Saved entries:
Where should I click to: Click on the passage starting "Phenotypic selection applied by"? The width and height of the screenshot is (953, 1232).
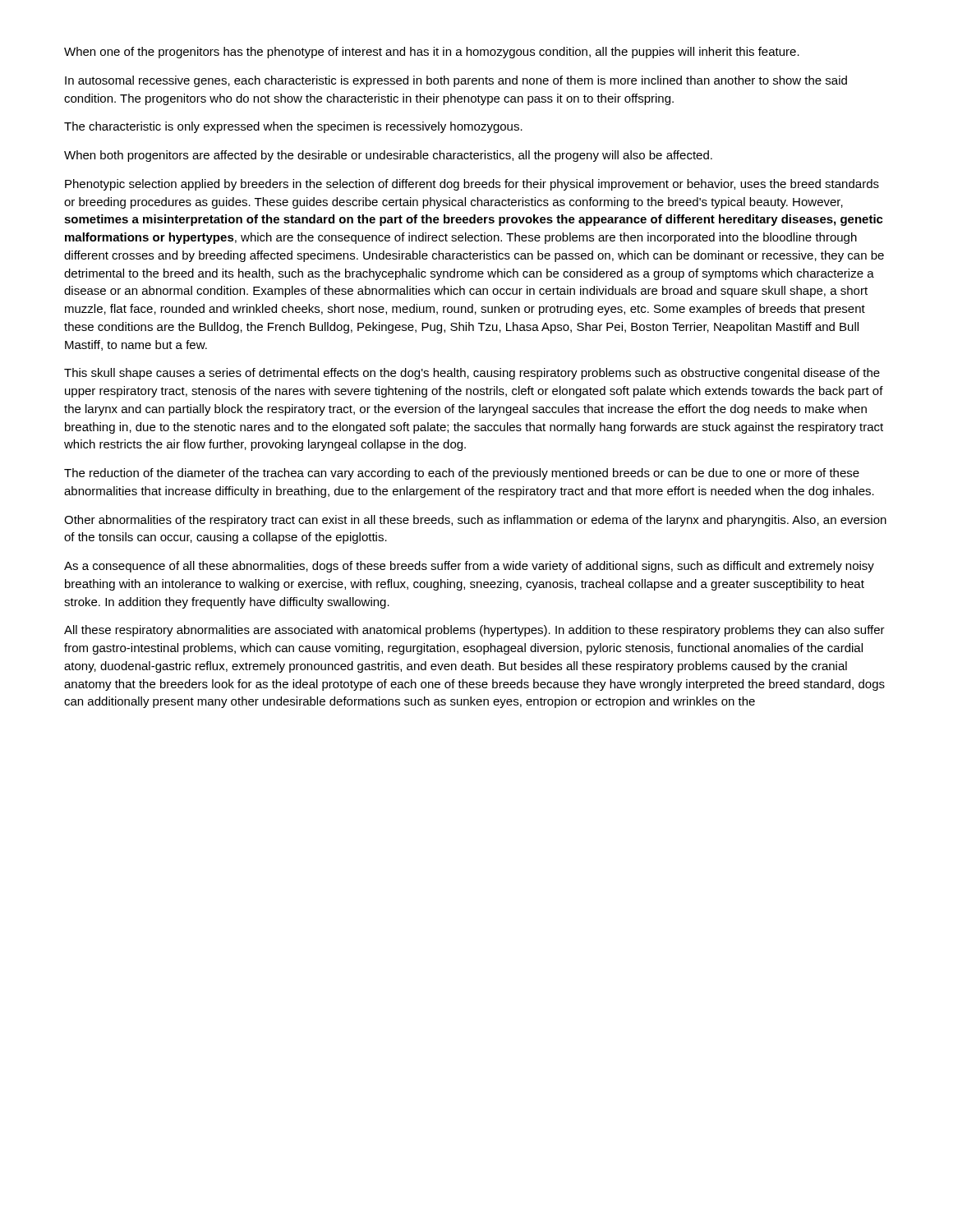click(x=474, y=264)
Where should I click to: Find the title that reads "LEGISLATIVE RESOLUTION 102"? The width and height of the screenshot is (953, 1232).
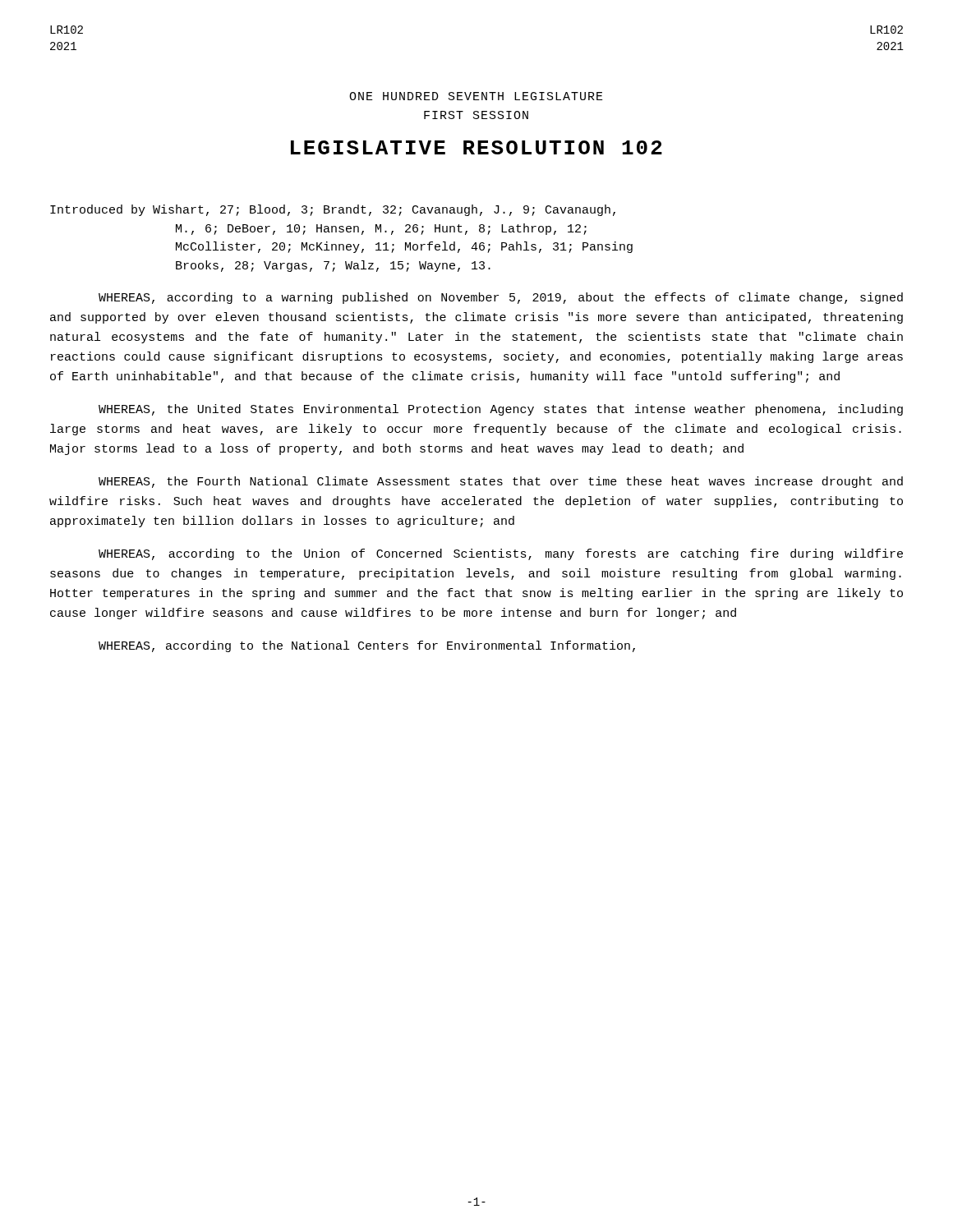476,149
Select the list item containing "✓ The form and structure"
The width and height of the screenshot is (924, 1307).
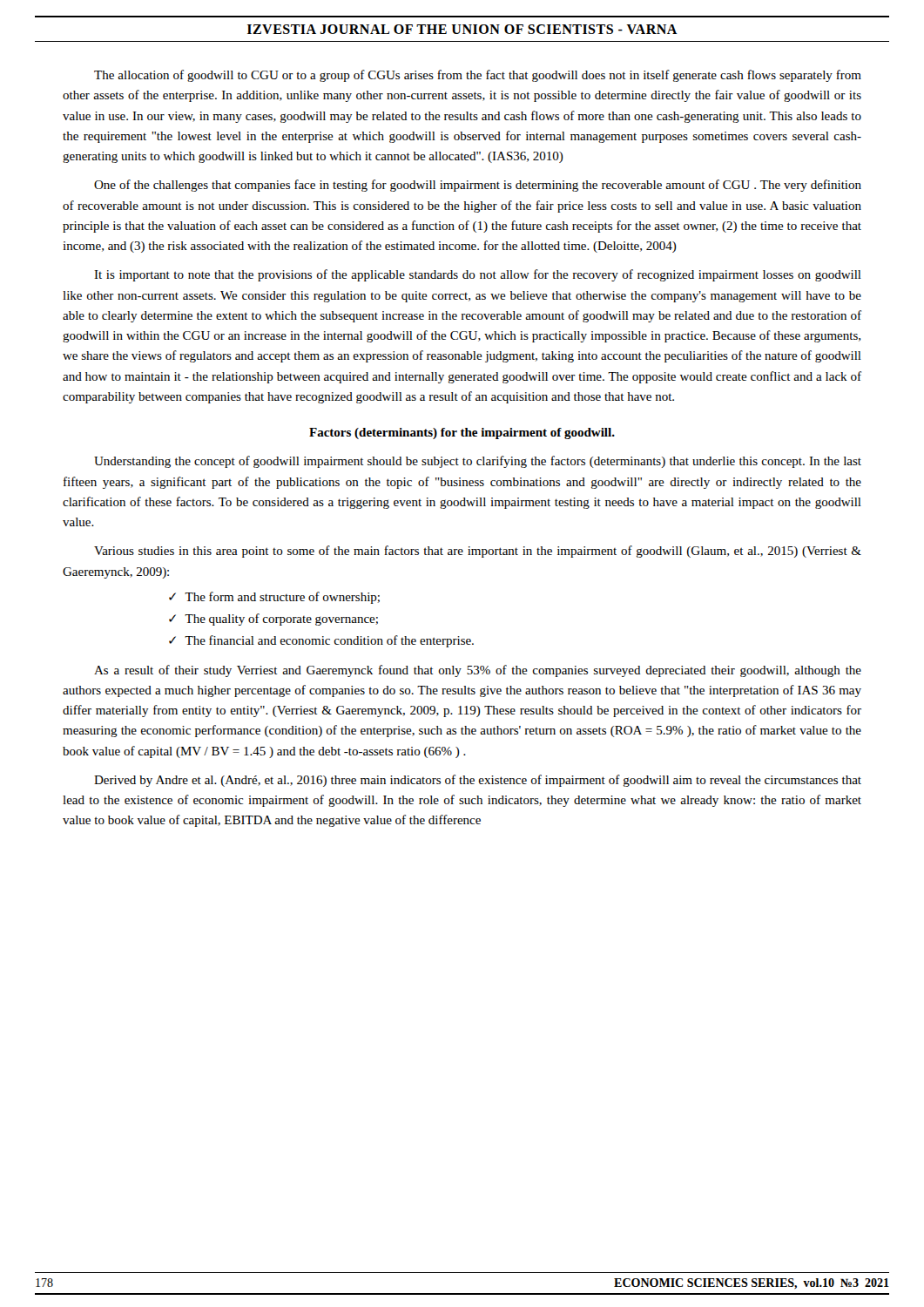[x=274, y=597]
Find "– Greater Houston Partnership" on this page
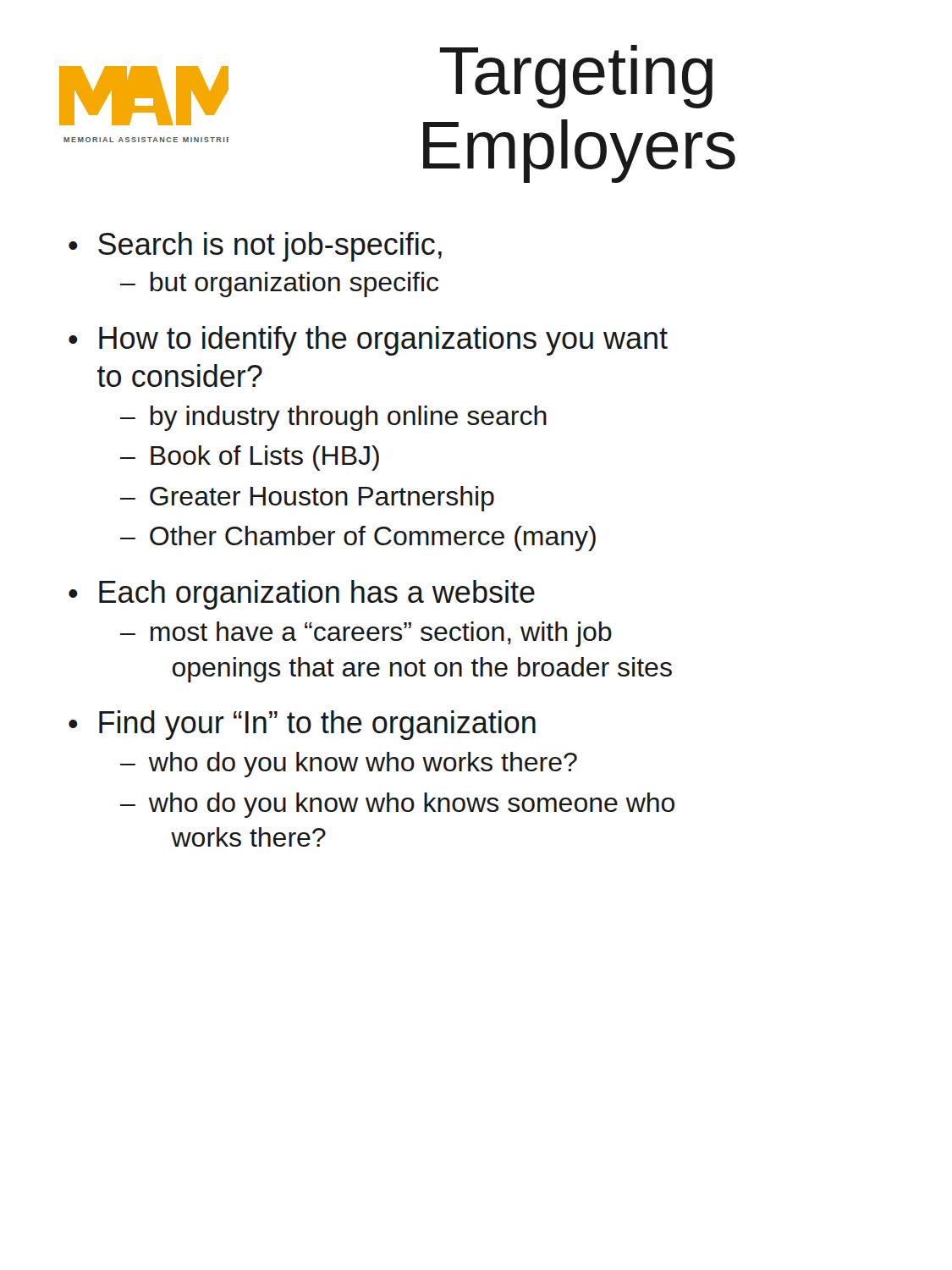952x1270 pixels. (x=502, y=497)
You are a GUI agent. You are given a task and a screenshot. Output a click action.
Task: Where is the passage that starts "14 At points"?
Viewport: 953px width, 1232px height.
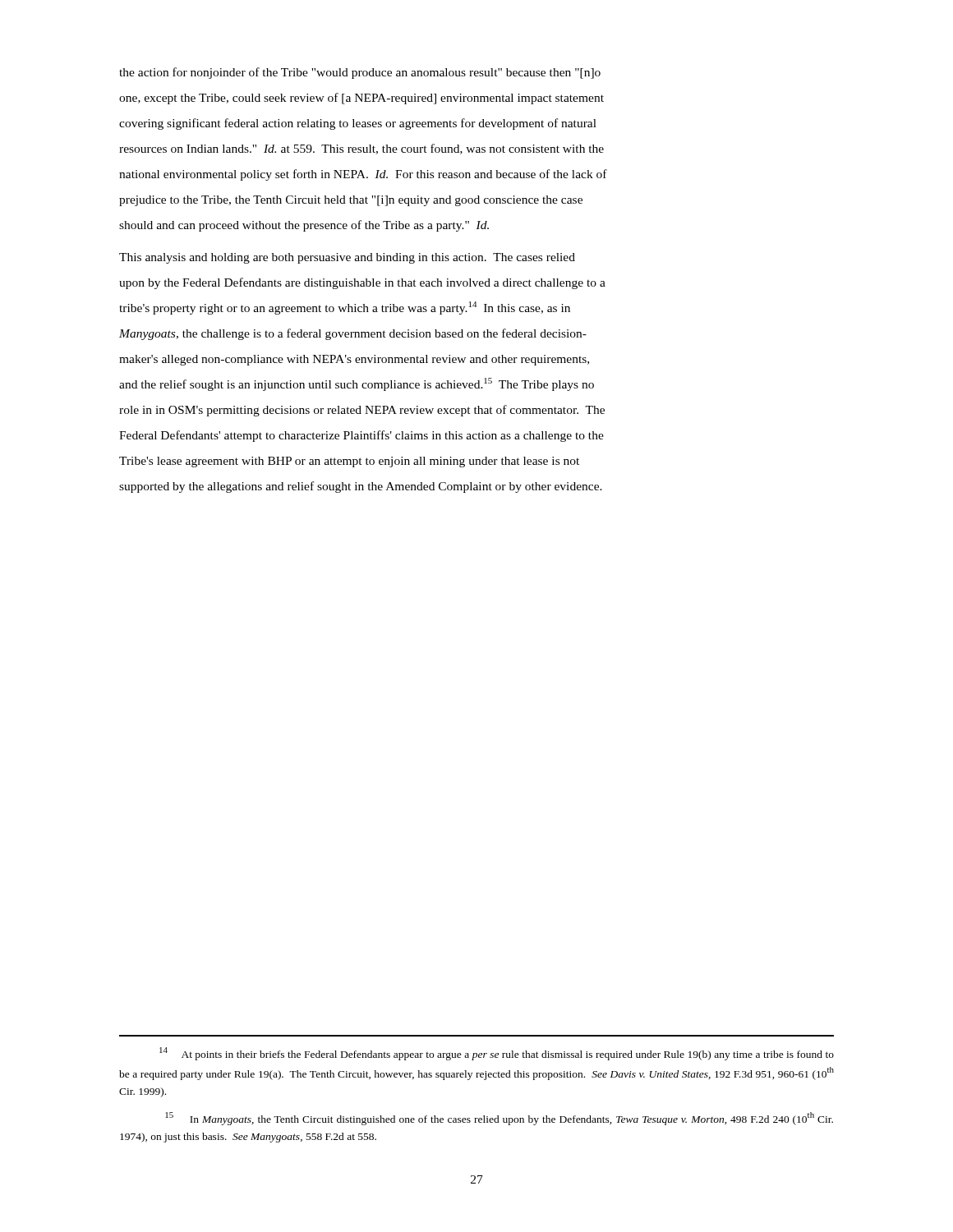(476, 1071)

ACTION ITEM: Write out exactly the lines from the one containing "on this page" through the last line of the records above, both ends included, and leave out any pictures.

TASK OUTPUT:
Find "– Greater Houston Partnership" on this page
952x1270 pixels. (x=502, y=497)
You are a GUI agent. You are given a task and a screenshot. Output a click action.
Task: Where is the passage that starts "14 At points"?
Viewport: 953px width, 1232px height.
(476, 1071)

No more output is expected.